Alla fine il 58enne Kenneth Smith, condannato alla pena di morte nello stato dell’Alabama per aver ucciso 38 anni fa una donna, è stato giustiziato con l’azoto, prima volta in assoluto che viene utilizzata questa pratica per un condannato. Dopo che i legali dello stesso avevano effettuato ogni tentativo per evitare l’esecuzione, tutti respinti, alle ore 2:00 italiane, le 19:00 locali, il 58enne è stato portato nell’apposita saletta, dove è stato legato, quindi gli è stata apposta una maschera da cui è fuoriuscito appunto l’azoto. Nel giro di un’ora e venticinque minuti il gas ha fatto effetto, uccidendo Kenneth Smith. Prima del decesso l’uomo si è rivolto ai parenti presenti, facendo il segno ti amo e dicendo loro “Grazie per avermi supportato. Vi voglio bene, tutti”.



Quindi ha aggiunto: “Stasera l’Alabama fa fare un passo indietro all’umanità. Me ne vado con amore, pace e luce”. Tecnicamente, come scrive RaiNews, l’uomo è stato ucciso per asfissia ed è la prima volta che succede nella storia che viene utilizzato l’azoto per una pena di morte. Smith è rimasto cosciente per diversi minuti, mentre per almeno due minuti è sembrato contorcersi e tremare sulla barella, cercando di tirare contro le cinture che lo tenevano fermo, dopo di che ci sono stati dei diversi minuti di respiro pesante fino a che lo stesso non ha più respirato.
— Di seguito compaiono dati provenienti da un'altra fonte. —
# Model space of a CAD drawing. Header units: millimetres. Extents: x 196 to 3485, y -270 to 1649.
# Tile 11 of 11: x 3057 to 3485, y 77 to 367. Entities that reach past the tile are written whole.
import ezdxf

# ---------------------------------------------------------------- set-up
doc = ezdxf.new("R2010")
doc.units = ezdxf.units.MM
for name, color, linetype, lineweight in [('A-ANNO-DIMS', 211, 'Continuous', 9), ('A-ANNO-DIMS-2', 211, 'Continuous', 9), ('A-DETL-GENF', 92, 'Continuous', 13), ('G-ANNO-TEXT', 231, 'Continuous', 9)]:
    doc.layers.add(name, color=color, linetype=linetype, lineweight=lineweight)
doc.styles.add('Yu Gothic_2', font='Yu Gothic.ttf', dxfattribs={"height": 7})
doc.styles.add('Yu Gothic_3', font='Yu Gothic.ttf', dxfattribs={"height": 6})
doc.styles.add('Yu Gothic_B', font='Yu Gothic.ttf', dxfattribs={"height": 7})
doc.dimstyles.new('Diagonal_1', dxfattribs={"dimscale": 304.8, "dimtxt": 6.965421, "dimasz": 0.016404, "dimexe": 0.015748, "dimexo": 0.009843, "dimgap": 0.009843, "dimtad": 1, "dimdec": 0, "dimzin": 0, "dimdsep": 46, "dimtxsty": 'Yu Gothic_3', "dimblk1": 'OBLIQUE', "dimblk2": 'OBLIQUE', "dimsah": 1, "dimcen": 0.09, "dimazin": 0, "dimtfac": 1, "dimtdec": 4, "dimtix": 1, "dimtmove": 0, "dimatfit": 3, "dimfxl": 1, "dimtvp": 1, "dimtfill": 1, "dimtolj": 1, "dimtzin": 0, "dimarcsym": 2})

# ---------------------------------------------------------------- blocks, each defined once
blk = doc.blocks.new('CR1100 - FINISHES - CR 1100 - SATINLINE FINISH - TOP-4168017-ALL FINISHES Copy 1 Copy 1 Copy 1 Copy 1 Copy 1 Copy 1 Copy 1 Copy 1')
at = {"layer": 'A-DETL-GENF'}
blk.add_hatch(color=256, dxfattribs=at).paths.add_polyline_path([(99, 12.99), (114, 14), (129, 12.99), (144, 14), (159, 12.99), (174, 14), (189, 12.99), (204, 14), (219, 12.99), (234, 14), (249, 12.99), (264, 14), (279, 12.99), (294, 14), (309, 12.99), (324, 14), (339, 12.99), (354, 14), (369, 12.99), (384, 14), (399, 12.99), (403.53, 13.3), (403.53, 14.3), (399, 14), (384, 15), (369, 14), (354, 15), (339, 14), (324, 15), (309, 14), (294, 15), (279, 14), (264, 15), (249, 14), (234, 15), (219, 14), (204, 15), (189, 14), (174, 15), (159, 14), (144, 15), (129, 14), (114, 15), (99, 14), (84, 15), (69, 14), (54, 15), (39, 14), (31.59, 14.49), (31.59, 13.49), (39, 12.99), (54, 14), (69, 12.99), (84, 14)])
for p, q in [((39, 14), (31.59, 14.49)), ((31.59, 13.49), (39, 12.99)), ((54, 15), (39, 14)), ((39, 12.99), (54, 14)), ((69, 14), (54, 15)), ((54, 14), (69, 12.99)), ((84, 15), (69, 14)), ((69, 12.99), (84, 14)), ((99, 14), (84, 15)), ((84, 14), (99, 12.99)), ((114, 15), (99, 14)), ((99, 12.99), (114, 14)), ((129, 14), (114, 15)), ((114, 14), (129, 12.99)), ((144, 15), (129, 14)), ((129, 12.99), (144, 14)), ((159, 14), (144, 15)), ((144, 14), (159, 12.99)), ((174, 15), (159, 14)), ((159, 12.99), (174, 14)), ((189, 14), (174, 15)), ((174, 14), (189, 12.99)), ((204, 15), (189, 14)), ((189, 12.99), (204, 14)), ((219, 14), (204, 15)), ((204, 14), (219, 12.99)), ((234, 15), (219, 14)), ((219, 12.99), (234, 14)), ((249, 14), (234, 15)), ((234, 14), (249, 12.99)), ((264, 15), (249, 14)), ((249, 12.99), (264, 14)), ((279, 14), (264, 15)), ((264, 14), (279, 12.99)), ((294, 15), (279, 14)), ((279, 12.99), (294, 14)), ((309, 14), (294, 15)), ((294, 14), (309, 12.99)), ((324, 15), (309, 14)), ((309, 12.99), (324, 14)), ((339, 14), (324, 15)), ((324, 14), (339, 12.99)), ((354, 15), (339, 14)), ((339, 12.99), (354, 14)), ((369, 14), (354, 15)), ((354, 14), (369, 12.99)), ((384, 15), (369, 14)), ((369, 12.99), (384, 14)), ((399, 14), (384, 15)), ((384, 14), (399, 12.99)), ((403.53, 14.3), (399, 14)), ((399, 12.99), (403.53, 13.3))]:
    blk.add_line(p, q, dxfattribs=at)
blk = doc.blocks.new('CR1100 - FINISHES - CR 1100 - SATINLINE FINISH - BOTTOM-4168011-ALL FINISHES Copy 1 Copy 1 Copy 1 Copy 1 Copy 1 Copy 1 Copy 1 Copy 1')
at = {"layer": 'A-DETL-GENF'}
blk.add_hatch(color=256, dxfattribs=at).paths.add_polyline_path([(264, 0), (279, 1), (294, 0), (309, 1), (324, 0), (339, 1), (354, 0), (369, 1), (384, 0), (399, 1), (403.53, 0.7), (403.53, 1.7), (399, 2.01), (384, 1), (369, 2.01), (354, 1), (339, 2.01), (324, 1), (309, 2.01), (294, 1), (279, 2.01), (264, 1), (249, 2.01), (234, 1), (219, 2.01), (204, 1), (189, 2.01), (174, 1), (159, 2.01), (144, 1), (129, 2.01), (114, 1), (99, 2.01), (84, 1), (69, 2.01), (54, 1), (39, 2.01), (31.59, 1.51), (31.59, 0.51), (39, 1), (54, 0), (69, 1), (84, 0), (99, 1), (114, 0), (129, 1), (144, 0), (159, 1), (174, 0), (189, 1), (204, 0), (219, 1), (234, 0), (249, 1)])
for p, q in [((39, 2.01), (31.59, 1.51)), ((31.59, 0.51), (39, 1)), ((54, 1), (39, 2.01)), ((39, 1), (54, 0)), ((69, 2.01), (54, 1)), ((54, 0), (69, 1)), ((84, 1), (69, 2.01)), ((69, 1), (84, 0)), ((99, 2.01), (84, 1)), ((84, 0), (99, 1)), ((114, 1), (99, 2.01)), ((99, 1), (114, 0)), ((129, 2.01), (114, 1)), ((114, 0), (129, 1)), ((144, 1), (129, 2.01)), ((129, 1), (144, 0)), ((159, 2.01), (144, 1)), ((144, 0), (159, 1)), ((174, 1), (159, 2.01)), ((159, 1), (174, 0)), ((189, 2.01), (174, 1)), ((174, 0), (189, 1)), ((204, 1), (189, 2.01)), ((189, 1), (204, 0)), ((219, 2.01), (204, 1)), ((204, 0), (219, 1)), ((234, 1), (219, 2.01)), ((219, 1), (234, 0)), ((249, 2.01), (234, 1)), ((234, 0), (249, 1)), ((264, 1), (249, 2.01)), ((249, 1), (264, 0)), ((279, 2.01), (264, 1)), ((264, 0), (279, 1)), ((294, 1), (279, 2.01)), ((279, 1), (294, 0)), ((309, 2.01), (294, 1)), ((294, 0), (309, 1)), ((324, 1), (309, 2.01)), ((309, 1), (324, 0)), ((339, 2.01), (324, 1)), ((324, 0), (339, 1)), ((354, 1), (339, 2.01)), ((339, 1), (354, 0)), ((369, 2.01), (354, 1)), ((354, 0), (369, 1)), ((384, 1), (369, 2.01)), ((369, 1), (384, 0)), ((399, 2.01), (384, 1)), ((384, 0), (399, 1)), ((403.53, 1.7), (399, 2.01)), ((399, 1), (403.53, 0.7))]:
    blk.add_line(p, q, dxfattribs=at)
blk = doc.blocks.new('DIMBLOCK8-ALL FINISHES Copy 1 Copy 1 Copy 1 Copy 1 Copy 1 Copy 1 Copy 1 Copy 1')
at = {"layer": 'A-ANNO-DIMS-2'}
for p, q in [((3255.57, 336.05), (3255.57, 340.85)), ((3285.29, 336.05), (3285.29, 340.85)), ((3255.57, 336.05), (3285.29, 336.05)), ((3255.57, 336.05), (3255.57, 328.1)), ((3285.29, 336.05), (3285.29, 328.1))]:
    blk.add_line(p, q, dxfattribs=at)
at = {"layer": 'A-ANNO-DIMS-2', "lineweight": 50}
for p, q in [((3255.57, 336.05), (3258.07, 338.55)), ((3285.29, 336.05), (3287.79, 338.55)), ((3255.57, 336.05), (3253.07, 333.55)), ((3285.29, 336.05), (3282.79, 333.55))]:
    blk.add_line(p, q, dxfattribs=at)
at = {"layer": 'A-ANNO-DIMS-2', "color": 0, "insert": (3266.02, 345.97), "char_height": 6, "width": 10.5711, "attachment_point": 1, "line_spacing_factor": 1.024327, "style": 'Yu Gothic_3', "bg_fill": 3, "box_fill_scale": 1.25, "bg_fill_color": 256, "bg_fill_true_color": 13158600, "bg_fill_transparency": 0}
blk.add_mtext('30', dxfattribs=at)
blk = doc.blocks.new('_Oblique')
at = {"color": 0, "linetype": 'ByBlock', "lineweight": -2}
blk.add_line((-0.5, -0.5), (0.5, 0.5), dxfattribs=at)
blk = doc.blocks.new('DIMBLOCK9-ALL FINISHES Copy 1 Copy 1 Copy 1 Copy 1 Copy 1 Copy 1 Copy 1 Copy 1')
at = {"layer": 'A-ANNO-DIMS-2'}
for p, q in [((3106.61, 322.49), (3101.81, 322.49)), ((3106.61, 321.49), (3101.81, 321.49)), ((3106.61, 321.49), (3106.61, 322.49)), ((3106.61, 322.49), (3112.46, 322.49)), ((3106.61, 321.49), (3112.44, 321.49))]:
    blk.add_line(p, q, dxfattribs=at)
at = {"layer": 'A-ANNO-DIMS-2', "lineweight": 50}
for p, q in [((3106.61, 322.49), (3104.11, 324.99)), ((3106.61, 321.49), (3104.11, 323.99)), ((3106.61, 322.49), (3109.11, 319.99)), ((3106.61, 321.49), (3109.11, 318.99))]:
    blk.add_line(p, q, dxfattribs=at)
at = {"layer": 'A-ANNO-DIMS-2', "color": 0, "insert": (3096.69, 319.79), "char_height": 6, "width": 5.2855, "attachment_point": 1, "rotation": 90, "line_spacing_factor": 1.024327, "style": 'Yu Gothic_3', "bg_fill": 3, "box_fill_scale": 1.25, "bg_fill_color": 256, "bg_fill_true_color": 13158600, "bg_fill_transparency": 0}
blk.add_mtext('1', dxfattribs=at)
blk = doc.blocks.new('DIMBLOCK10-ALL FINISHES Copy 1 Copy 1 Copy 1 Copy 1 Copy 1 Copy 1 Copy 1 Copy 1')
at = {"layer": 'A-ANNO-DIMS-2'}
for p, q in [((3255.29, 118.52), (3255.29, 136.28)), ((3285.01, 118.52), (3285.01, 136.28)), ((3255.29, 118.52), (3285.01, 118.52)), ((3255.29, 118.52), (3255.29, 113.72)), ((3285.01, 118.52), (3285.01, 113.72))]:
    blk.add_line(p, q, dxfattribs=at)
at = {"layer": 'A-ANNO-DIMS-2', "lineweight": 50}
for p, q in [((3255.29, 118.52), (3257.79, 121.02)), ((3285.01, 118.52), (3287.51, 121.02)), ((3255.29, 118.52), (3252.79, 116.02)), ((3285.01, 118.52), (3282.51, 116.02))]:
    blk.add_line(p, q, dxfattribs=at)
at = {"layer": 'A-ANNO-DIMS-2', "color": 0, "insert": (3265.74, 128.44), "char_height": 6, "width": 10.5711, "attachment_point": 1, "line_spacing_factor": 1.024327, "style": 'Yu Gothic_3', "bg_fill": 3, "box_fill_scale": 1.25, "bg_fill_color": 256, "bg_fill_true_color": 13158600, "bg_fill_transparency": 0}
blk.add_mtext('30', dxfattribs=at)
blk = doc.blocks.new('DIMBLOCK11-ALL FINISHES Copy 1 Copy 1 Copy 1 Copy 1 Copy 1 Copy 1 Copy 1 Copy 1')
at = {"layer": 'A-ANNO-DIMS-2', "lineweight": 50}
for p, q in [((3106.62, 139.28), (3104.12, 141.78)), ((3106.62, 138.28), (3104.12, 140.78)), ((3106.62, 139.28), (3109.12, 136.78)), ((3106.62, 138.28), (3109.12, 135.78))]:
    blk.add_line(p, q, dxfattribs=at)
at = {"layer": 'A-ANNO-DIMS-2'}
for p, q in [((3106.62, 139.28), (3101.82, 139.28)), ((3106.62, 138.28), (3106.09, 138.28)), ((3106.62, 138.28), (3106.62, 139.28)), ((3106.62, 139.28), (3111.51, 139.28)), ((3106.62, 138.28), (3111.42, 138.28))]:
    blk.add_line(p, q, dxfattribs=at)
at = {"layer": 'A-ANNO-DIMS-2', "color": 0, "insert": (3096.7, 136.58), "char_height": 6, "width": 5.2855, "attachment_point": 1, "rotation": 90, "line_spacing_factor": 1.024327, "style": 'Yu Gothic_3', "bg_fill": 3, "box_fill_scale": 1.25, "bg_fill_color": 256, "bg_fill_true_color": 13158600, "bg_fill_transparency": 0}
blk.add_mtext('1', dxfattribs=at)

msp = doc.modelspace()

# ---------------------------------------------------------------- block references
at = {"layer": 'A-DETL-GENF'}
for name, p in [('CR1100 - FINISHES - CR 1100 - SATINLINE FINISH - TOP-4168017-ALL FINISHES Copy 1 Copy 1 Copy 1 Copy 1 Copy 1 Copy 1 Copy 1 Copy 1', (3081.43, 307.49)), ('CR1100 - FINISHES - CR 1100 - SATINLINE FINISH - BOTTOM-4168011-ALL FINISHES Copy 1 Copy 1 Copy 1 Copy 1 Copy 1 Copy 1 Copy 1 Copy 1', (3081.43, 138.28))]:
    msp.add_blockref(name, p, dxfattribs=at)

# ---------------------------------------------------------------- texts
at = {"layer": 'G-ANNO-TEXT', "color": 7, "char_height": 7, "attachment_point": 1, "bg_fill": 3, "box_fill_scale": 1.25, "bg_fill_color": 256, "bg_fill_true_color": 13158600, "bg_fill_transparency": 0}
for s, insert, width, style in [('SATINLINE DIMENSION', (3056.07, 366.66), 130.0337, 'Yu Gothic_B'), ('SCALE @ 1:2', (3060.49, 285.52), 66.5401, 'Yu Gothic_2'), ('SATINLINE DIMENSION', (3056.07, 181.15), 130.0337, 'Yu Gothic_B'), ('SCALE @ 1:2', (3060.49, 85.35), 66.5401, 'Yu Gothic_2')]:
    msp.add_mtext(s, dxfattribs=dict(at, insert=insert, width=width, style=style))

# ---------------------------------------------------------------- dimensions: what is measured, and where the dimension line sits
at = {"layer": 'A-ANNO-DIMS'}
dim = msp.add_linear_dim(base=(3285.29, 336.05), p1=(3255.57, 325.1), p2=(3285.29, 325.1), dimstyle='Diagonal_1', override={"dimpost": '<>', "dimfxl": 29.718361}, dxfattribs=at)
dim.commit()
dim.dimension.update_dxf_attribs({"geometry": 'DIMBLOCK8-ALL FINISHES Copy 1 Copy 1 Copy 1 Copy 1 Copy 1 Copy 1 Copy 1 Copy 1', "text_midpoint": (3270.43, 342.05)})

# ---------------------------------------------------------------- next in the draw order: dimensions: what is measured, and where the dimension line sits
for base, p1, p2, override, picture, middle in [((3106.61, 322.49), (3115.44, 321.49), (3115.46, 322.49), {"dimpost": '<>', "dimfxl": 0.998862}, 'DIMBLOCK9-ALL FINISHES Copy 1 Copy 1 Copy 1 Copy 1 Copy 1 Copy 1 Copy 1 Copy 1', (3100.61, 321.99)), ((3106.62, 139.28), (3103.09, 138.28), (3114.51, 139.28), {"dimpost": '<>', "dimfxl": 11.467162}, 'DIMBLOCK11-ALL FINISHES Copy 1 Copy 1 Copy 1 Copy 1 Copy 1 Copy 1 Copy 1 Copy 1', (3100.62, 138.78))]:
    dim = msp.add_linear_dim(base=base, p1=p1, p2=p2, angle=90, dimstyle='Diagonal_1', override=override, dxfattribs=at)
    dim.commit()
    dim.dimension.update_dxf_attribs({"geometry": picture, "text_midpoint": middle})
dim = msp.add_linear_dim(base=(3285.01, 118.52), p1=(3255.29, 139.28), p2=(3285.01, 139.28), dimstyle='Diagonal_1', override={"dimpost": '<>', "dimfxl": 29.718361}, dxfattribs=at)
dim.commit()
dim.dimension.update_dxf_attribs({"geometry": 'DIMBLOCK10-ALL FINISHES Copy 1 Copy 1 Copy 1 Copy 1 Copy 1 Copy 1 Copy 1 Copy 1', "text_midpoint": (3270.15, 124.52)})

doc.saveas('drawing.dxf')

Secondo quanto spiegato da un funzionario, i movimenti del condannato sono stati “involontari e previsti”.



PENA DI MORTE IN ALABAMA: KENNETH SMITH GIUSTIZIATO CON L’AZOTO. LA REPLICA DELLA GOVERNATRICE

Terminata l’esecuzione Kay Ivey, governatrice dello stato dell’Alabama, ha diffuso una nota per dire che “Dopo più di 30 anni e di tentativi per ingannare il sistema, il signor Smith ha pagato per i suoi crimini orrendi”.

Numerose le critiche, anche dall’Italia, come quelle di Elisabetta Zamparutti, dell’associazione italiana Nessuno Tocchi Caino, secondo cui l’esecuzione con l’azoto è “un metodo di soffocamento che sottolinea ancora una volta l’esistenza di un paradigma patibolare, di una giustizia vendicativa di cui dovremmo liberarci. È una giustizia che non lascia spazio alla speranza e alla grazia per un uomo condannato quasi 30 anni fa. Perfino Paesi come l’Iran prevedono la salvezza della vita, se qualcosa si intoppa durante l’esecuzione. In America, invece, si arriva a modificare il metodo pur di uccidere”.